3 Last Tips in Closing
- You have to follow the advice of someone before you write an email like the one above. Don’t lie. If the person doesn’t give advice on their blog or website, you could send pictures of one of the DIY projects she outlined on her blog that you completed, or tell her that a post that she wrote touched you to do something. For instance, if she wrote about feeling energized after spending a day at the park, you could tell her that you were inspired to spend a day outside playing with your kids.
- If the person doesn’t write you back, don’t write another email telling him that you’re disappointed in him, wished he could take the time to get back to you, or anything else snarky. Just leave it for a couple weeks {but continue to leave thoughtful comments on the person’s blog}, and then try again. At this point, you could pitch a guest post. If you don’t hear back again, move on.

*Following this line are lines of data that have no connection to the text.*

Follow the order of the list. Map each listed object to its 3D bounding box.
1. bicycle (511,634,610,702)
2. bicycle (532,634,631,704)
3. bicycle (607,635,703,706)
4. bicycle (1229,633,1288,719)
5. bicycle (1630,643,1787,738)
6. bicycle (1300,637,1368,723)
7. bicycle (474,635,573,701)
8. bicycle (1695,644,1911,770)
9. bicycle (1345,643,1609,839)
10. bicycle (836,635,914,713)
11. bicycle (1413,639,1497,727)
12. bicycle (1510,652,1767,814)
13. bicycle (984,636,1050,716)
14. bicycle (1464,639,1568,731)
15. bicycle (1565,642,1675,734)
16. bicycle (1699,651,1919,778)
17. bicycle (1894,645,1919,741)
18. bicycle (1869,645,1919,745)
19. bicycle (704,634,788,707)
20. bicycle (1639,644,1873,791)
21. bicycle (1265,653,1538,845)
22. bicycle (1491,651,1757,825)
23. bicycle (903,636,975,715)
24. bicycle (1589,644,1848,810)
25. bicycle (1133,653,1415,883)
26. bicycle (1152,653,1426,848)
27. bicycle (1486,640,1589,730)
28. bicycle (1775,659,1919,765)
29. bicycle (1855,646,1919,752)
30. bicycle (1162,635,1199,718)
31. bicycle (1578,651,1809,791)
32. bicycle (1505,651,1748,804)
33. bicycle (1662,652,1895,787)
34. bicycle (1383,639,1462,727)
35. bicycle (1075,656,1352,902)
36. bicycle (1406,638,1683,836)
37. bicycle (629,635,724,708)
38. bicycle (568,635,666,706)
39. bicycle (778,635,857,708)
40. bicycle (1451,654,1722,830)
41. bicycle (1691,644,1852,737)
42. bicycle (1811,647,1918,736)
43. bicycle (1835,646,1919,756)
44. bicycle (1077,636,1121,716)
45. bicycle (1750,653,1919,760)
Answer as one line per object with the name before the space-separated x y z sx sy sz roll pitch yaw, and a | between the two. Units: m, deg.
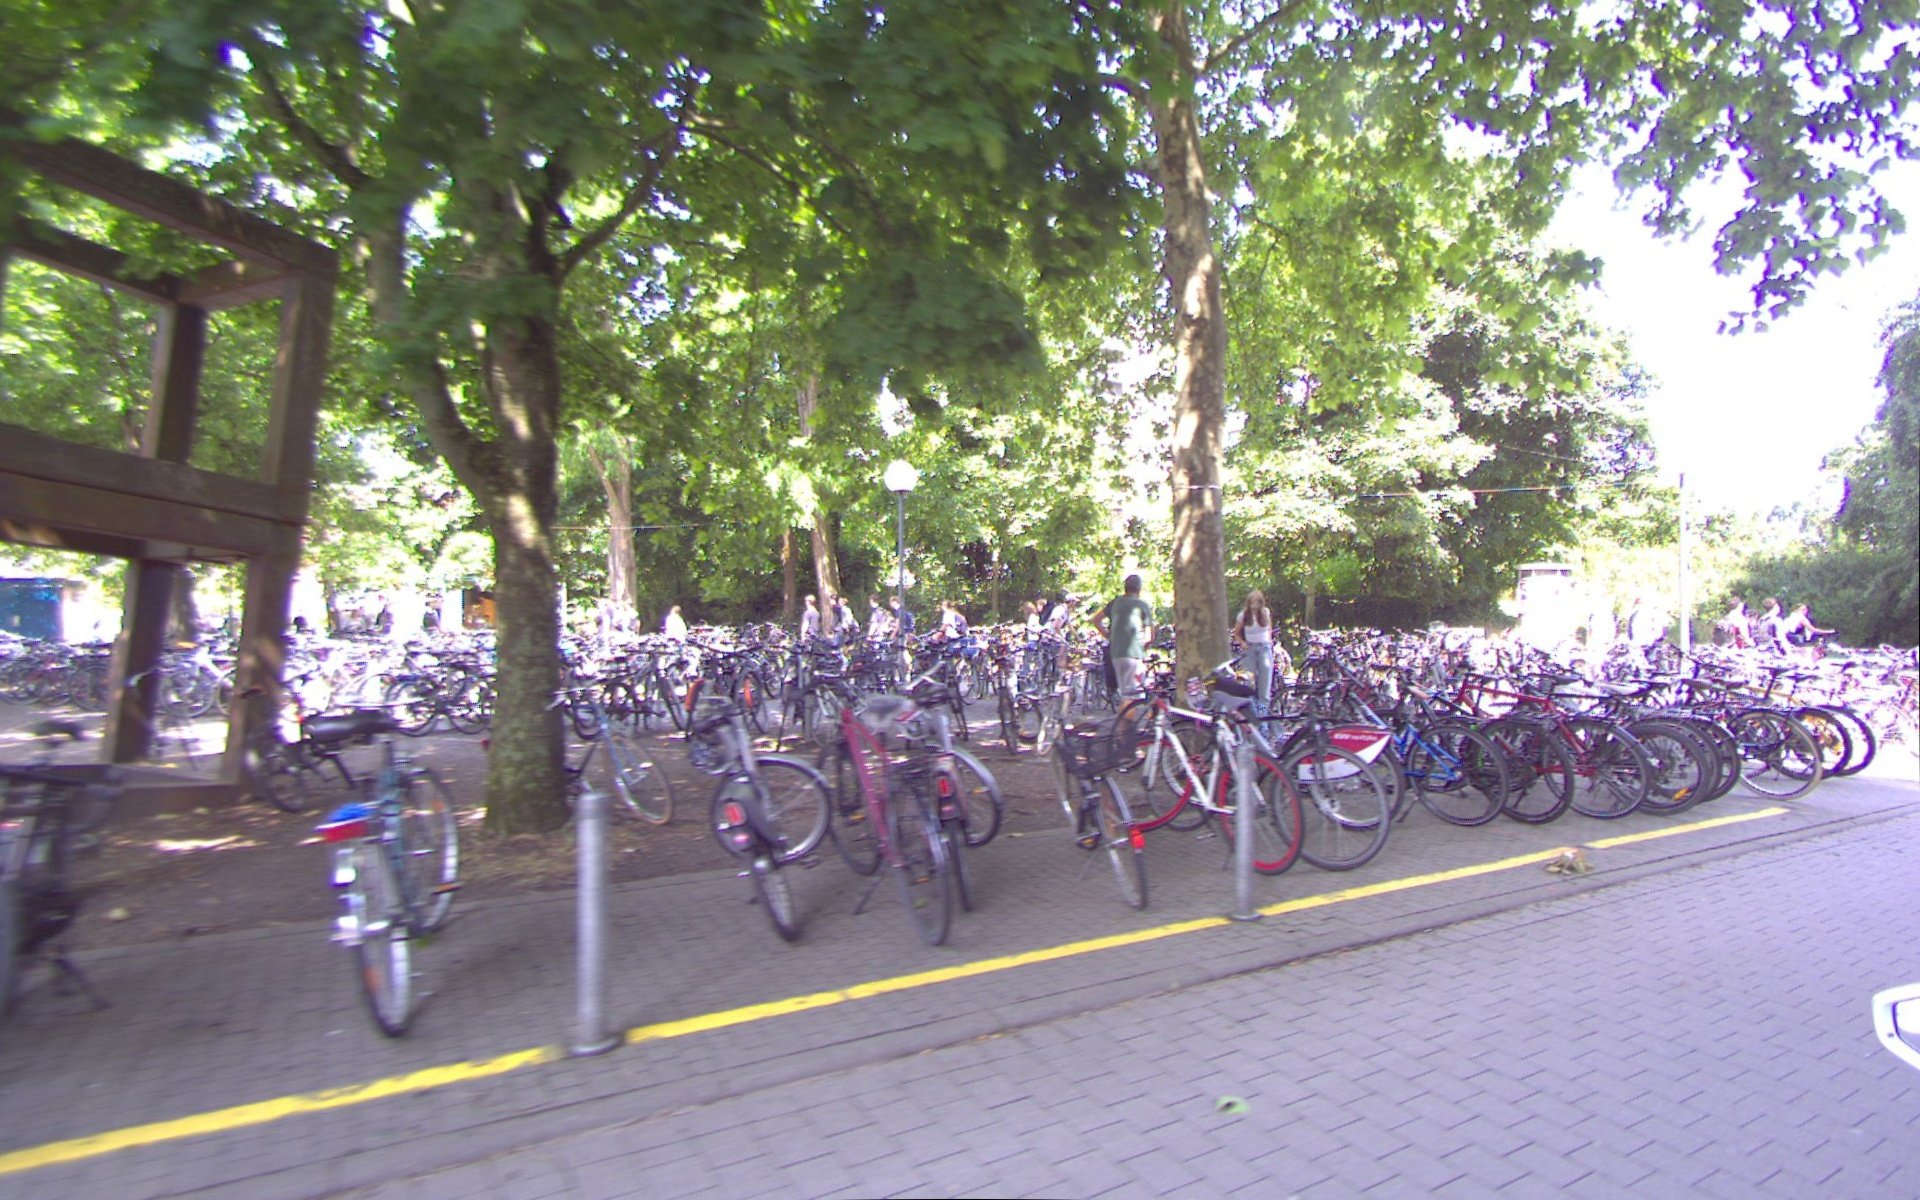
bicycle | -7.017 1.168 17.744 0.465 1.098 1.858 1 0 22
bicycle | -6.555 1.169 17.505 0.465 1.098 1.858 1 0 22
bicycle | -5.111 1.155 16.954 0.465 1.098 1.858 1 0 22
bicycle | 4.212 1.039 14.270 0.464 1.098 1.700 1 0 5
bicycle | 9.710 1.143 13.102 0.466 1.098 1.693 1 0 -16
bicycle | 5.303 1.097 14.312 0.464 1.098 1.700 1 0 5
bicycle | -7.910 1.212 18.299 0.465 1.098 1.858 1 0 22
bicycle | 8.779 1.082 10.544 1.670 1.173 0.473 1 0 33
bicycle | 3.710 0.949 7.365 0.491 1.194 1.726 1 0 -30
bicycle | -1.282 1.108 15.474 0.465 1.098 1.699 1 0 22
bicycle | 6.901 1.124 14.082 0.464 1.098 1.700 1 0 5
bicycle | 5.510 1.030 8.242 0.470 1.123 1.679 1 0 -41
bicycle | 0.885 1.122 15.251 0.465 1.098 1.699 1 0 22
bicycle | 7.407 1.094 13.460 0.465 1.098 1.700 1 0 1
bicycle | 8.774 1.137 13.422 0.464 1.098 1.700 1 0 5
bicycle | 8.534 1.117 10.148 1.670 1.123 0.473 1 0 33
bicycle | 12.583 1.176 12.254 0.469 1.184 1.682 1 0 -36
bicycle | 11.873 1.156 11.799 0.466 1.184 1.775 1 0 -17
bicycle | -3.466 1.121 16.416 0.465 1.098 1.699 1 0 22
bicycle | 7.472 1.055 9.499 0.470 1.203 1.679 1 0 -41
bicycle | 3.064 0.980 7.118 0.493 1.123 1.719 1 0 -42
bicycle | 5.172 1.021 7.920 0.470 1.161 1.679 1 0 -41
bicycle | -0.300 1.124 15.402 0.465 1.098 1.699 1 0 22
bicycle | 6.420 1.018 8.585 0.532 1.214 1.681 1 0 -38
bicycle | 1.865 0.944 6.221 0.492 1.141 1.724 1 0 -34
bicycle | 2.218 0.966 6.901 1.712 1.123 0.495 1 0 36
bicycle | 7.899 1.131 13.817 0.465 1.098 1.700 1 0 1
bicycle | 9.718 1.178 10.592 1.667 1.032 0.474 1 0 25
bicycle | 11.300 1.144 11.388 0.471 1.184 1.678 1 0 -42
bicycle | 3.243 1.090 14.701 0.464 1.098 1.700 1 0 14
bicycle | 6.862 1.084 9.467 0.561 1.123 1.679 1 0 -41
bicycle | 5.693 1.041 8.666 0.470 1.123 1.679 1 0 -41
bicycle | 7.914 1.103 9.776 0.578 1.123 1.679 1 0 -41
bicycle | 6.427 1.115 14.033 0.464 1.098 1.700 1 0 5
bicycle | 1.383 0.933 5.828 0.491 1.123 1.727 1 0 -30
bicycle | 4.282 0.937 7.481 0.492 1.252 1.722 1 0 -37
bicycle | -4.656 1.152 16.618 0.465 1.098 1.858 1 0 22
bicycle | -5.803 1.171 17.101 0.465 1.098 1.858 1 0 22
bicycle | -2.301 1.137 16.414 0.465 1.098 1.699 1 0 22
bicycle | 4.719 1.011 7.667 0.493 1.123 1.679 1 0 -40
bicycle | 10.760 1.172 13.399 0.466 1.098 1.693 1 0 -17
bicycle | 12.048 1.188 13.364 1.678 1.098 0.505 1 0 -28
bicycle | 10.827 1.135 11.136 1.676 1.184 0.471 1 0 43
bicycle | 2.118 1.111 15.168 0.464 1.098 1.700 1 0 14
bicycle | 9.834 1.156 11.094 1.667 1.076 0.474 1 0 25
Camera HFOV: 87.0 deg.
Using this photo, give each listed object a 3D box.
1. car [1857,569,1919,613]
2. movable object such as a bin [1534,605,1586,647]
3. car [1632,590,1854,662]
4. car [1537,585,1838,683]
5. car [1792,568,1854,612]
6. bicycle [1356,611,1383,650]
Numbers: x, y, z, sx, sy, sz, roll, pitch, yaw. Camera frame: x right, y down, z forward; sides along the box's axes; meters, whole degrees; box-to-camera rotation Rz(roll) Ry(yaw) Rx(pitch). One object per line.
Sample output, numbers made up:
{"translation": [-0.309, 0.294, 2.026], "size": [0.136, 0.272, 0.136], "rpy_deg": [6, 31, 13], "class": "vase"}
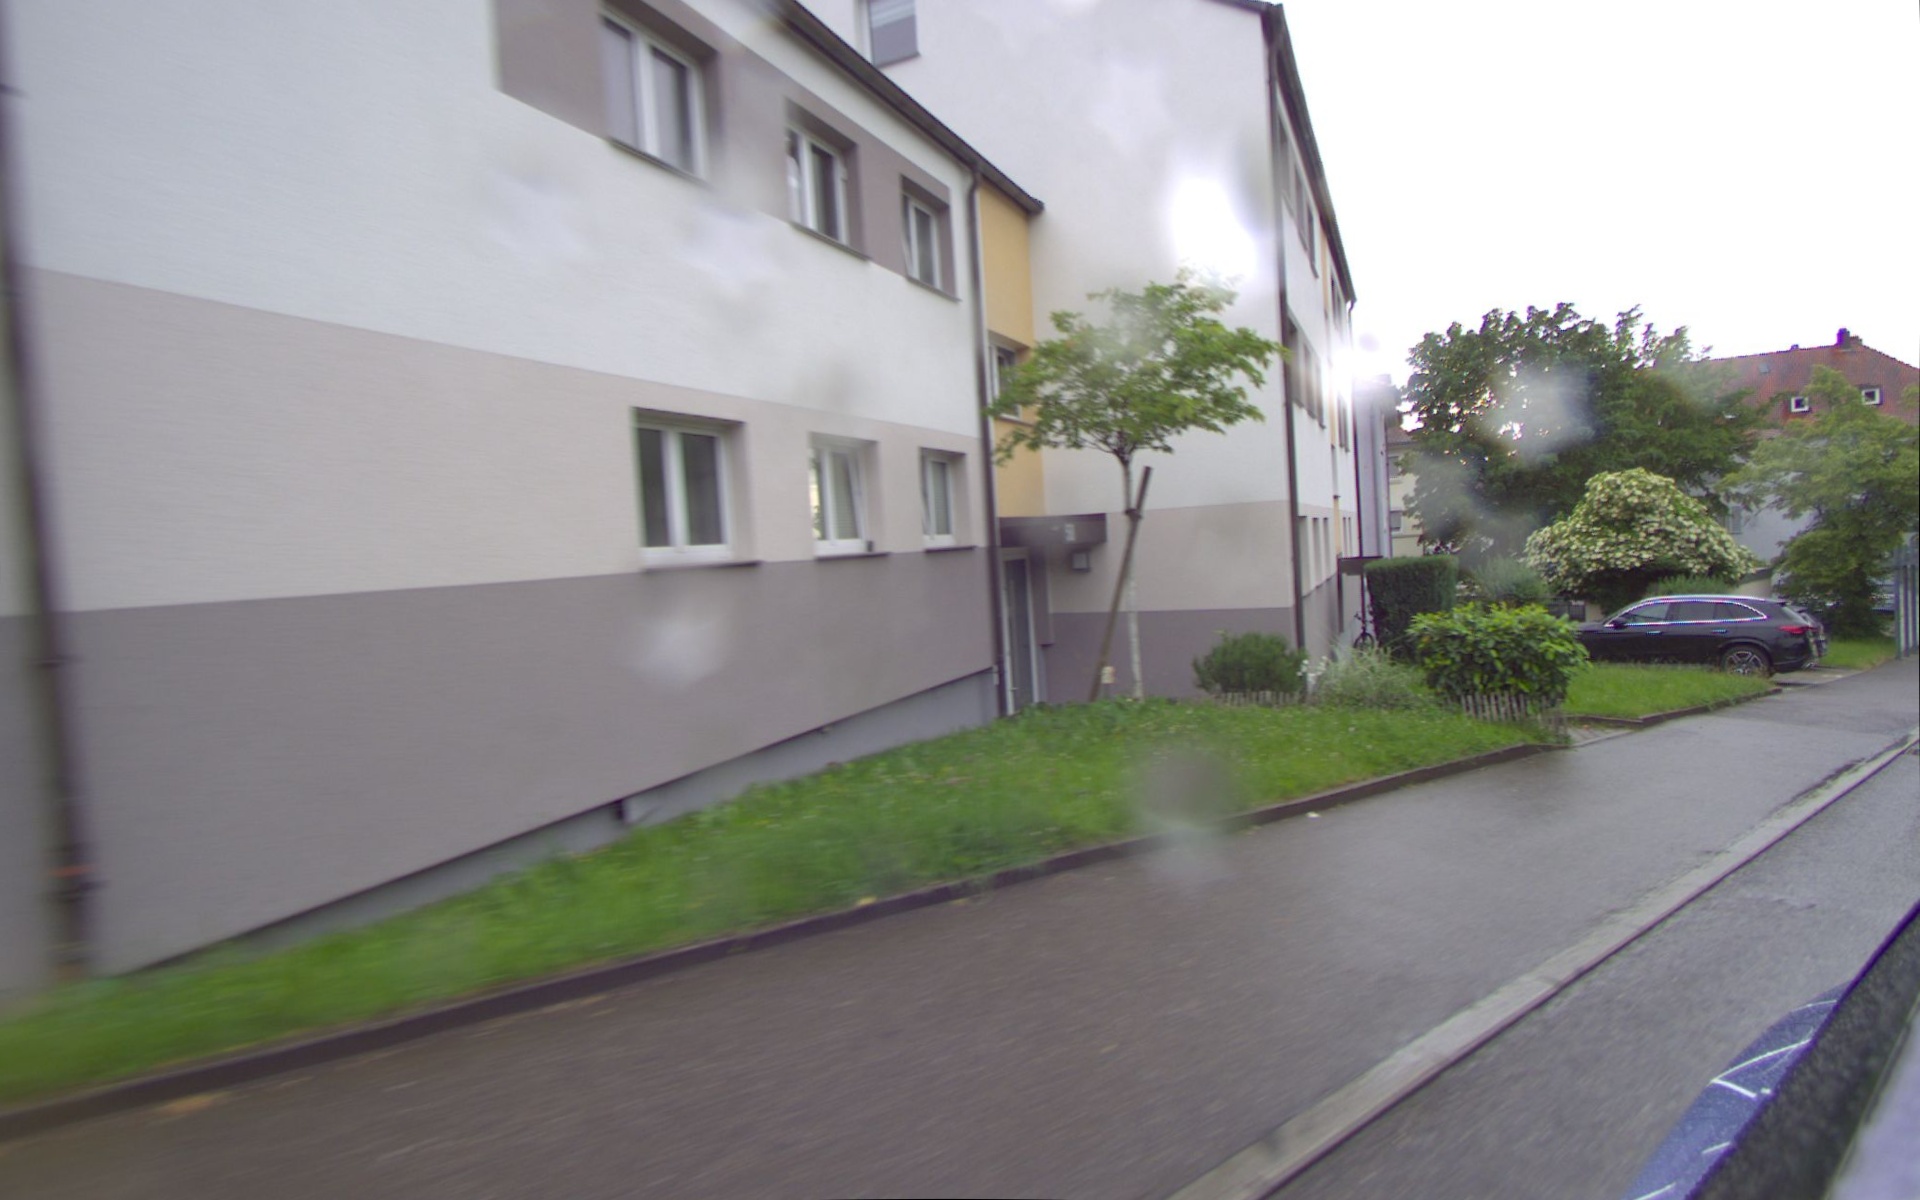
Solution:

- Link to your website, blog, and twitter at the end of your email, so the person doesn’t have to Google your name if she wants to find you online.
Okay, so with this post you guys officially become the most useful blog in my RSS feed. I wish I’d have found you years ago. Stuff like this is nuanced and kind of difficult – and no one covers it!
So, that’s probably the best compliment I’ve ever gotten! Thanks for that!!! So glad you’ll be following us.
This is awesome!
Im trying to read all your posts right now, I just find the site and I found it so helpfull, thanks a lot!
Hi April,
I just finished reading all your Marketing Guide posts. They are filled with such helpful tips and advice. Thank you so much for sharing your ideas (I took lots of notes)
xoxo Julianne
Hey Julianne,
I’m so glad you got a lot of the marketing posts. Thanks for stopping by to comment!
Hey, April.
You are an absolute legend! This is exactly what I’ve been looking for… I actually just posted a question regarding this very matter at The Creative Empire. Of all the things that I’ve mastered in my business the “relationship building” thing has been the hardest to develop.
To have a blow-by-blow mini-guide laid out is invaluable.
Thank you.
Ming-Zhu.
Thanks for the info April! It seems like there’s a fine line between confident and cocky, and sometimes it can be tricky to not cross it.
Hi April,
My daughter directed me to your blog and I am so thrilled to find you. This is the exact right advice I need as I start a blog.
Another fabulous article! I really appreciate the three tips(don’t ask for something, don’t offer something, and don’t appear to be lacking confidence) that you offered. In Psychology, we call this the “foot in the door” phenomenon. It’s approaching someone modestly and befriending them BEFORE reaching out and asking something of that person i.e. to check out your blog post.
Applying Psychology to Business Development is crucial I feel because conducting business is all about how you make people feel and the relationships you build with others. Thanks for this!